### WORK TASK
From the line containing "Horizontal angle of view: 23.3°." to the final line of the entries, copy each line exactly. Pictures stay out.

╭─ DATASET CONTENT

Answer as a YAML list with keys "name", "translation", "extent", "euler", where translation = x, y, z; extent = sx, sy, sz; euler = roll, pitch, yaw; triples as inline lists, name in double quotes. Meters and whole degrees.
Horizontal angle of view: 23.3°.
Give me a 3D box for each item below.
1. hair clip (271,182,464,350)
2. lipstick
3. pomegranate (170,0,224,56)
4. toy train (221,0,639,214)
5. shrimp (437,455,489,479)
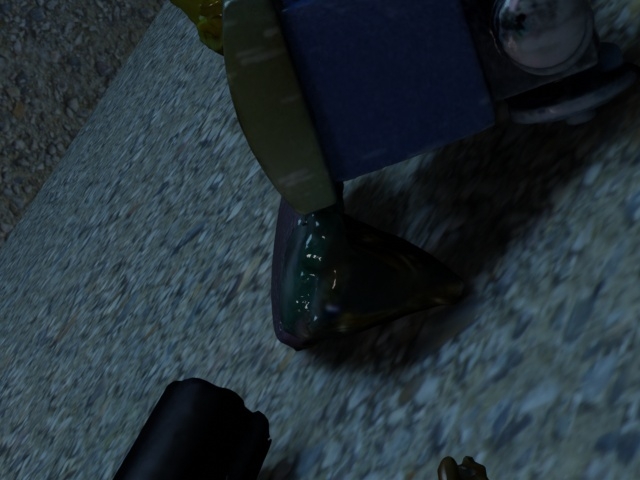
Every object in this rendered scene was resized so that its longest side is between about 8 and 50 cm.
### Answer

╰─

### RESPONSE TO THIS EXERCISE
Horizontal angle of view: 23.3°.
Give me a 3D box for each item below.
1. hair clip (271,182,464,350)
2. lipstick
3. pomegranate (170,0,224,56)
4. toy train (221,0,639,214)
5. shrimp (437,455,489,479)
Every object in this rendered scene was resized so that its longest side is between about 8 and 50 cm.
### Answer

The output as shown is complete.